Ocean, a former Girls Rehabilitation Facility student now enrolled in an independent study program, worked with arts partner Combat Arts and classmates Elie and Jamie to create a painting of a huma bird with the aurora borealis in the background. Combat Arts founder and teacher Elizabeth Washburn and JCCS teacher Yolanda Collier arranged for the painting to be displayed at the new Youth Transition Campus in Kearny Mesa.

“My inspiration for the painting was my Persian culture,” Ocean said. “The huma bird is a Persian myth. The huma never touches the ground and brings hope and presents to people in despair. I thought the huma would be perfect for everyone at the Youth Transition Campus because now it will bring hope to them when in need. We thought that this symbol would inspire students not to give up."

Ocean presented the creative process and photos of her final product as part of the Design Jam.

Students at 37ECB hosted an in-person event to showcase a variety of projects they have been working on this spring.

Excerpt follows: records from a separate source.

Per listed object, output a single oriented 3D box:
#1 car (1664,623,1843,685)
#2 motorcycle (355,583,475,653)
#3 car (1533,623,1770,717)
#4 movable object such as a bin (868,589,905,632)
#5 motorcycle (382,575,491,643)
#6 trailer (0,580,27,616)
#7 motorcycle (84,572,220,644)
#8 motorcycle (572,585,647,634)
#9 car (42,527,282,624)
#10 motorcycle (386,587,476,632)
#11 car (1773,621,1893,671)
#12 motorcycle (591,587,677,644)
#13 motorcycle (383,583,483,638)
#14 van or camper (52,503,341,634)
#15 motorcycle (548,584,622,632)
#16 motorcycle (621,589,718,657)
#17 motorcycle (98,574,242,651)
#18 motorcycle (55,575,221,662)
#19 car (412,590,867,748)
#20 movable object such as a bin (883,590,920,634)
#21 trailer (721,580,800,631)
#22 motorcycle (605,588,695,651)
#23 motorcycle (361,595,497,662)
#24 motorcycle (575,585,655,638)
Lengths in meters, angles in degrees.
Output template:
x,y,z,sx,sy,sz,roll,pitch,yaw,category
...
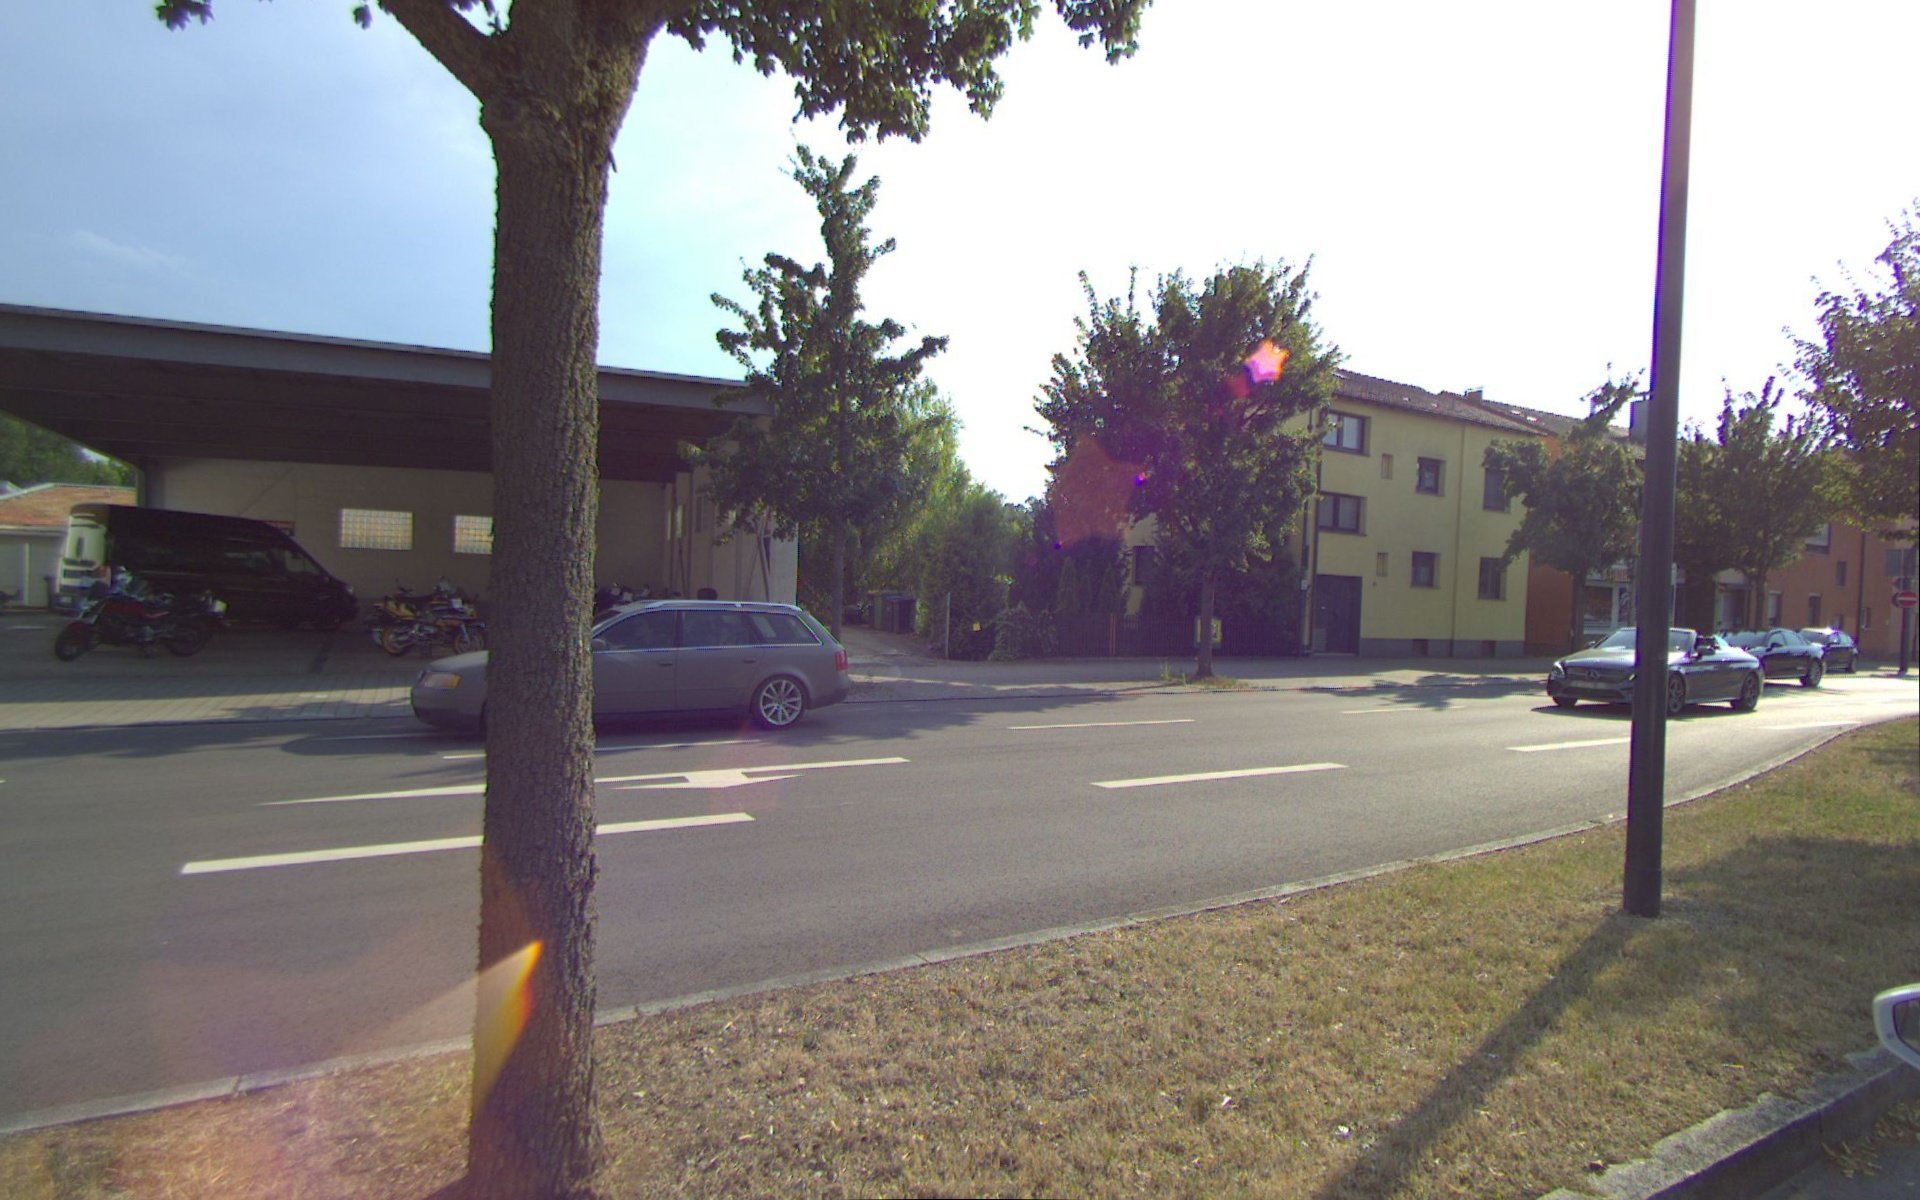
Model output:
x,y,z,sx,sy,sz,roll,pitch,yaw,category
20.471,1.367,25.891,4.583,1.440,1.837,2,0,-26,car
-11.071,0.354,20.445,2.111,1.347,0.563,2,0,0,motorcycle
11.885,1.127,17.190,4.430,1.367,1.770,2,0,-33,car
-1.996,0.281,27.271,0.712,1.101,0.727,1,3,-30,movable object such as a bin
-11.852,0.193,22.771,2.111,1.468,0.594,2,0,0,motorcycle
-26.691,-0.080,26.547,2.425,0.836,3.163,2,2,-32,trailer
-15.833,0.153,19.747,0.637,1.329,2.007,2,0,23,motorcycle
-9.721,0.267,27.927,0.553,1.325,2.086,2,0,30,motorcycle
-20.558,-0.577,26.119,2.158,2.279,4.386,2,0,19,car
-14.312,0.255,27.179,2.111,1.138,0.563,2,0,0,motorcycle
30.888,1.620,35.535,3.949,1.573,1.836,2,2,-28,car
-7.948,0.371,24.587,0.612,1.325,2.086,2,0,30,motorcycle
-13.041,0.253,24.873,2.111,1.275,0.647,2,0,0,motorcycle
-17.694,-0.648,23.600,1.964,2.716,5.030,2,0,29,van or camper
-10.728,0.230,28.829,0.553,1.325,2.086,2,0,30,motorcycle
-5.934,0.459,20.662,0.553,1.325,2.112,2,0,30,motorcycle
-14.436,0.223,18.422,0.637,1.329,2.007,2,0,23,motorcycle
-13.444,0.300,16.487,0.659,1.329,2.000,2,0,37,motorcycle
-3.525,0.701,11.353,4.655,1.482,1.678,2,0,-30,car
-1.554,0.312,26.501,0.688,1.101,0.727,1,3,-30,movable object such as a bin
-5.285,0.099,27.014,1.692,1.199,3.594,2,1,-5,trailer
-6.910,0.432,22.473,0.553,1.325,2.086,2,0,30,motorcycle
-9.671,0.514,18.331,2.111,1.139,0.631,2,0,0,motorcycle
-8.929,0.299,26.074,0.573,1.325,2.086,2,0,30,motorcycle

They displayed silhouette art projects, which asked students to share how they are perceived by others and who they feel they are; live streamed students using a digital board to solve math problems; and held a fashion show to showcase and sell clothing students created as part of their entrepreneur program.

“My experience with the entrepreneur program really changed my perspective on entrepreneurs because I never realized how hard it is to come up with your own ideas and to come up with something you really like enough to share with the world,” said Charlotte, a student at 37ECB. “It was really cool that we had this opportunity to create something from our own mind and put it on something for everyone else to wear or use.”

The first JCCS Design Jam was held in 2019 at the Comic-Con museum in 2019. Since then, JCCS has held two jams per year in the fall and spring.

“The Design Jams have been a wonderful opportunity for students to have voice and choice, and to express their creativity and innovation,” said Sara Matthews, JCCS instructional coach. “It is an all-hands-on-deck JCCS family affair with arts partners, community partners, teachers, staff, and leadership aligning around a common theme, essential question, and watching our students shine.”